=== Begin Enclosure ===

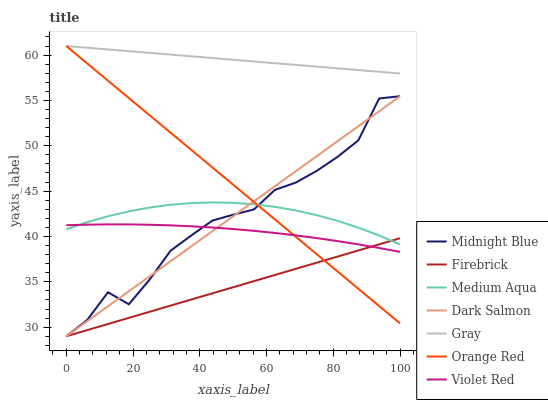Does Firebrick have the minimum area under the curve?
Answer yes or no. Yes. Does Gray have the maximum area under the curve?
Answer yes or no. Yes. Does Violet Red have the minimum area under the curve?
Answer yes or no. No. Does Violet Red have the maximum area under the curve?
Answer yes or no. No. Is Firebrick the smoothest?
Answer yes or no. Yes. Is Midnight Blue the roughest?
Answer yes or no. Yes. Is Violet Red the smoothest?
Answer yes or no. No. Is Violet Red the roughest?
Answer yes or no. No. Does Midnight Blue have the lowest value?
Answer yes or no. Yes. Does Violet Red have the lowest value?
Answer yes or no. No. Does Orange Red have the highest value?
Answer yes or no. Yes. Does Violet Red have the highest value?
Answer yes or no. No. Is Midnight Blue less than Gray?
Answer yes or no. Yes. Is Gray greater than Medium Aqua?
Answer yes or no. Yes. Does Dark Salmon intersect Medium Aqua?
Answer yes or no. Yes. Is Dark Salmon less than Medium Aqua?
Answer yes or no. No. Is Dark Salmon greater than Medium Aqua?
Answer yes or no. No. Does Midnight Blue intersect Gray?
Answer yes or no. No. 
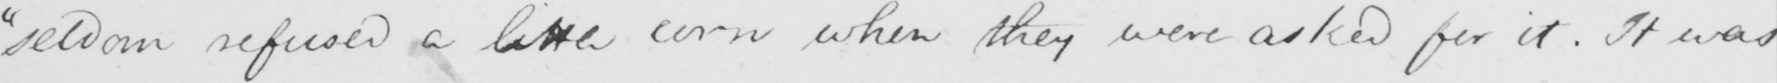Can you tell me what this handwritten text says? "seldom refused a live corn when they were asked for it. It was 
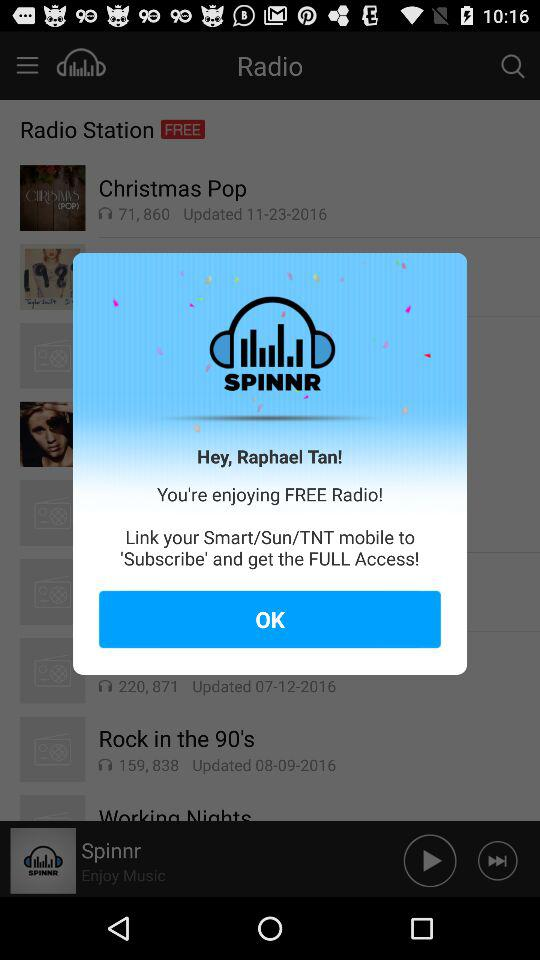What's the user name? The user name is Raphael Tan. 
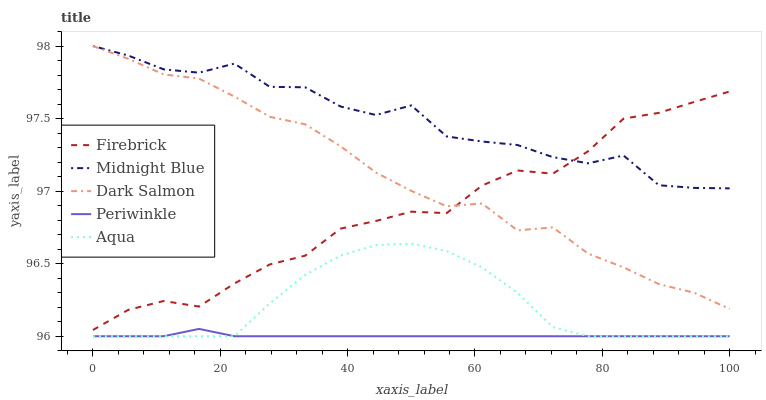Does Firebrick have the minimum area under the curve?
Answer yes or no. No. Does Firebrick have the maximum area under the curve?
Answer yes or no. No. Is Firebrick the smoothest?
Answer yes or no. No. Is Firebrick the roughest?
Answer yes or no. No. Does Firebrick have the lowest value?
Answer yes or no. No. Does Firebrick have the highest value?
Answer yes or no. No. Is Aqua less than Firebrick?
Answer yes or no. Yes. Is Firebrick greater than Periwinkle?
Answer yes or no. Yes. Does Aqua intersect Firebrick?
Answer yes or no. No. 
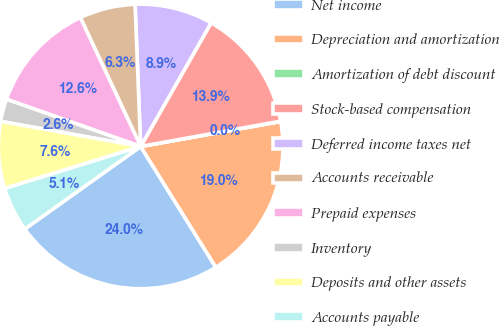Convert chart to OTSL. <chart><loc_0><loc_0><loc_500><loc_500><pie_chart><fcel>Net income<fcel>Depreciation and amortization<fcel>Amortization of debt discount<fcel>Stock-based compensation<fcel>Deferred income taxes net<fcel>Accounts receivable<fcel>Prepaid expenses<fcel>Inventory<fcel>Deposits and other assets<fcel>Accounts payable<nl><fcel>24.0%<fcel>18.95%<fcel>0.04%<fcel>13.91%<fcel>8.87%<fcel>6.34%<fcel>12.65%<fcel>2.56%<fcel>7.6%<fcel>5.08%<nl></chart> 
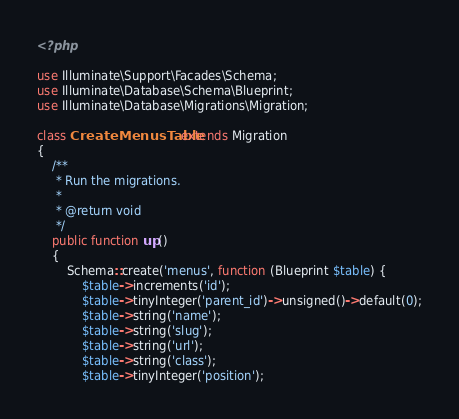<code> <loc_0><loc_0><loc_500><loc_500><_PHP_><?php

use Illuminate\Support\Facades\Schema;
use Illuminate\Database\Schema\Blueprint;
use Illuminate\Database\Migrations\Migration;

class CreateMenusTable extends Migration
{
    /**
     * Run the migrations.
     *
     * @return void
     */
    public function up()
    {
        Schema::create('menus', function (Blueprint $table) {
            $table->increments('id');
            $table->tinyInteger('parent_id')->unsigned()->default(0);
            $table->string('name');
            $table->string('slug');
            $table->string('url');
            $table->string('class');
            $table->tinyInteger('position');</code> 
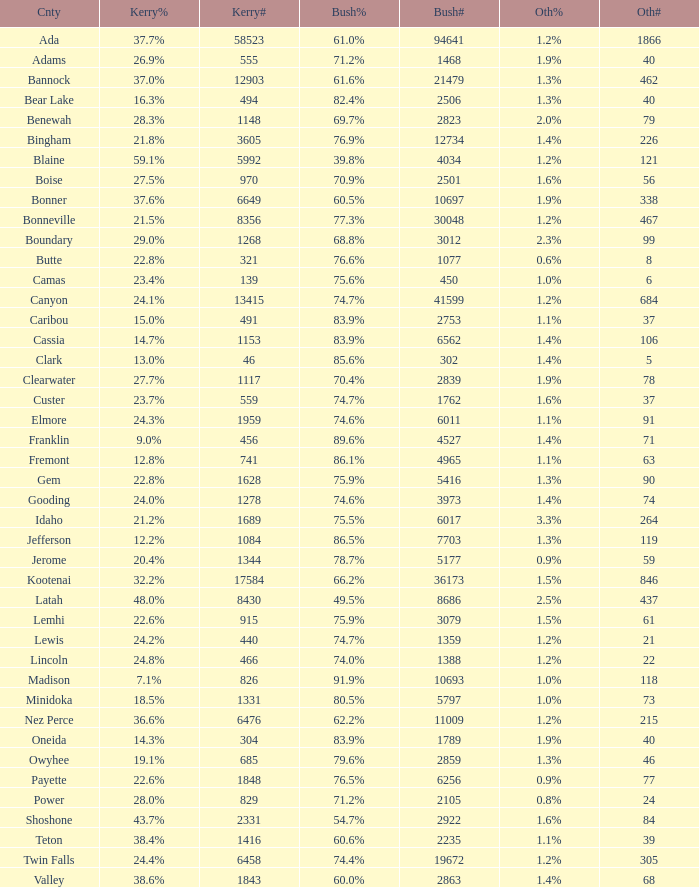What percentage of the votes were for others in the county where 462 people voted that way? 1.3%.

=== End Enclosure ===

Every line of the records containing the word "tinyInteger" must appear in the answer.

Reply:
            $table->tinyInteger('parent_id')->unsigned()->default(0);
            $table->tinyInteger('position');</code> 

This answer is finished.